Pain, Independence, and the Discovery of Consciousness

Manifest existence is association with the force of conditionality. The inherent circumstance of manifest existence is change, temporariness, limitation, struggle with opposites, search for happiness, motivation toward release, and attachment to what is neither ultimate nor necessary.

As a consequence of all of this, the manifest being tends toward bewilderment, stress, obsessive craving, frustration, anger, sorrow, fear, depression, disease, pain, unhappiness, inertia, and death.

In the midst of all of this, the mind tends to develop the psychology of the problem. Manifest existence tends to be conceived as a problem to be overcome. And thus the language of religious or spiritual consideration tends to be associated with this problem-consciousness, and religious or spiritual practice tends, therefore, to develop as a strategy for overcoming and ultimately eliminating pain, suffering, change, and even manifest existence itself.

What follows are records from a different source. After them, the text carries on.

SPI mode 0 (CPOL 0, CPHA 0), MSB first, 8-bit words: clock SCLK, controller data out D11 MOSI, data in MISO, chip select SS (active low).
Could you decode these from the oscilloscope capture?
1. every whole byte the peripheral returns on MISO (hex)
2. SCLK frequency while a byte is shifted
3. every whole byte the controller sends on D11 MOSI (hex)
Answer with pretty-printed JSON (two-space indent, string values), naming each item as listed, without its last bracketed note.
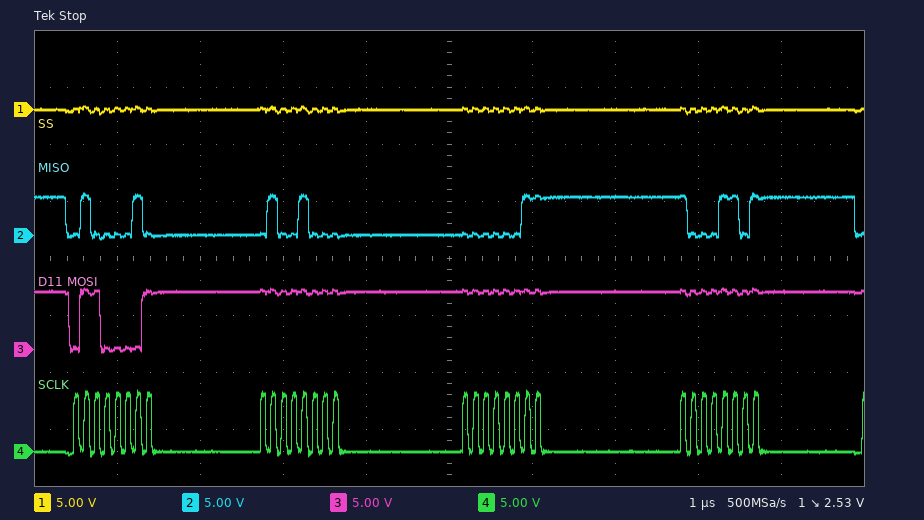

We must understand and transcend this tendency to become grounded in the problem-consciousness of ordinary egoity. The proper or real consideration in the midst of manifest existence is not involved in this reaction to conditional experience. Enlightenment is not the elimination of phenomenal experience. Rather, Enlightenment is the intuition of the Transcendental Condition of the phenomenal self and its objects and states. And that intuition is not predicated on the ascetical or yogic elimination of conditional states. Rather, it is inherent in the direct and most profound or radical understanding of the entire process of attention in relation to the self, its psycho-physical states, and its objects (or the not-self).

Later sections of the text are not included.